I rarely use piping. Why?

* Piping is fine but is super slow. Also I develop packages and the R package checks often through errors with piping or any type of implicit reference to data columns in data frames.  So like `subset(df, x==1)` is implicit because it is implying that there is an `x` column in `df` but that code will actually work if `x` is not in `df`. If you are a package writer, the check will complain about that vagueness.
* I have a hard time following long strings of pipes and lose track of what's going on.

And I rarely use dplyr, tidyr, or tidyverse verbs.
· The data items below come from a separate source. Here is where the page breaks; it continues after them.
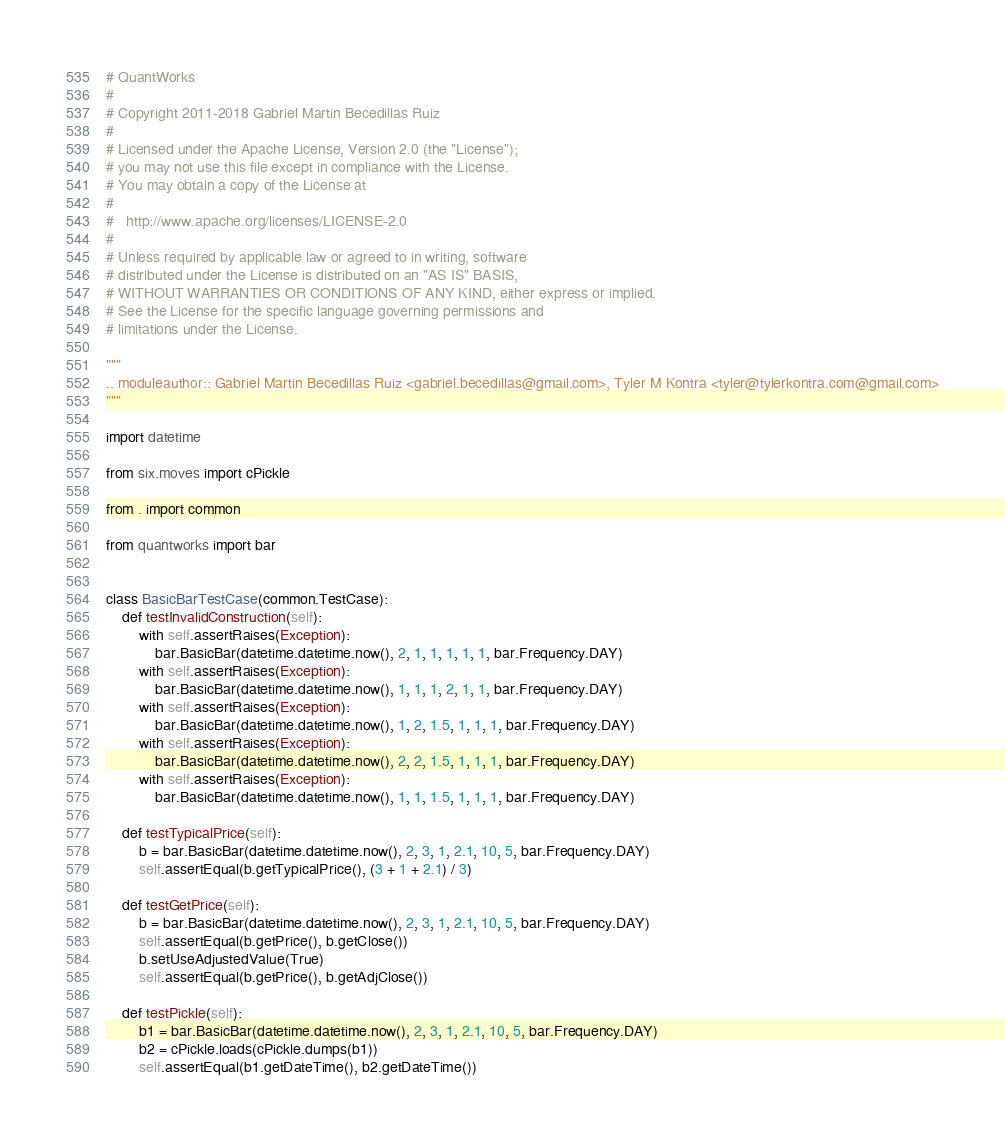Convert code to text. <code><loc_0><loc_0><loc_500><loc_500><_Python_># QuantWorks
#
# Copyright 2011-2018 Gabriel Martin Becedillas Ruiz
#
# Licensed under the Apache License, Version 2.0 (the "License");
# you may not use this file except in compliance with the License.
# You may obtain a copy of the License at
#
#   http://www.apache.org/licenses/LICENSE-2.0
#
# Unless required by applicable law or agreed to in writing, software
# distributed under the License is distributed on an "AS IS" BASIS,
# WITHOUT WARRANTIES OR CONDITIONS OF ANY KIND, either express or implied.
# See the License for the specific language governing permissions and
# limitations under the License.

"""
.. moduleauthor:: Gabriel Martin Becedillas Ruiz <gabriel.becedillas@gmail.com>, Tyler M Kontra <tyler@tylerkontra.com@gmail.com>
"""

import datetime

from six.moves import cPickle

from . import common

from quantworks import bar


class BasicBarTestCase(common.TestCase):
    def testInvalidConstruction(self):
        with self.assertRaises(Exception):
            bar.BasicBar(datetime.datetime.now(), 2, 1, 1, 1, 1, 1, bar.Frequency.DAY)
        with self.assertRaises(Exception):
            bar.BasicBar(datetime.datetime.now(), 1, 1, 1, 2, 1, 1, bar.Frequency.DAY)
        with self.assertRaises(Exception):
            bar.BasicBar(datetime.datetime.now(), 1, 2, 1.5, 1, 1, 1, bar.Frequency.DAY)
        with self.assertRaises(Exception):
            bar.BasicBar(datetime.datetime.now(), 2, 2, 1.5, 1, 1, 1, bar.Frequency.DAY)
        with self.assertRaises(Exception):
            bar.BasicBar(datetime.datetime.now(), 1, 1, 1.5, 1, 1, 1, bar.Frequency.DAY)

    def testTypicalPrice(self):
        b = bar.BasicBar(datetime.datetime.now(), 2, 3, 1, 2.1, 10, 5, bar.Frequency.DAY)
        self.assertEqual(b.getTypicalPrice(), (3 + 1 + 2.1) / 3)

    def testGetPrice(self):
        b = bar.BasicBar(datetime.datetime.now(), 2, 3, 1, 2.1, 10, 5, bar.Frequency.DAY)
        self.assertEqual(b.getPrice(), b.getClose())
        b.setUseAdjustedValue(True)
        self.assertEqual(b.getPrice(), b.getAdjClose())

    def testPickle(self):
        b1 = bar.BasicBar(datetime.datetime.now(), 2, 3, 1, 2.1, 10, 5, bar.Frequency.DAY)
        b2 = cPickle.loads(cPickle.dumps(b1))
        self.assertEqual(b1.getDateTime(), b2.getDateTime())</code>

* tidyverse is "maturing" which means the functions keep changing...which means my code rots quickly.
* I often have to do something that takes me a long time to figure out how to do with tidyverse.

Whereas learning ggplot2 has made my plotting much, much faster, I can't say the same with data-wrangling with tidyverse except for a few functions that I use to help out with ggplot.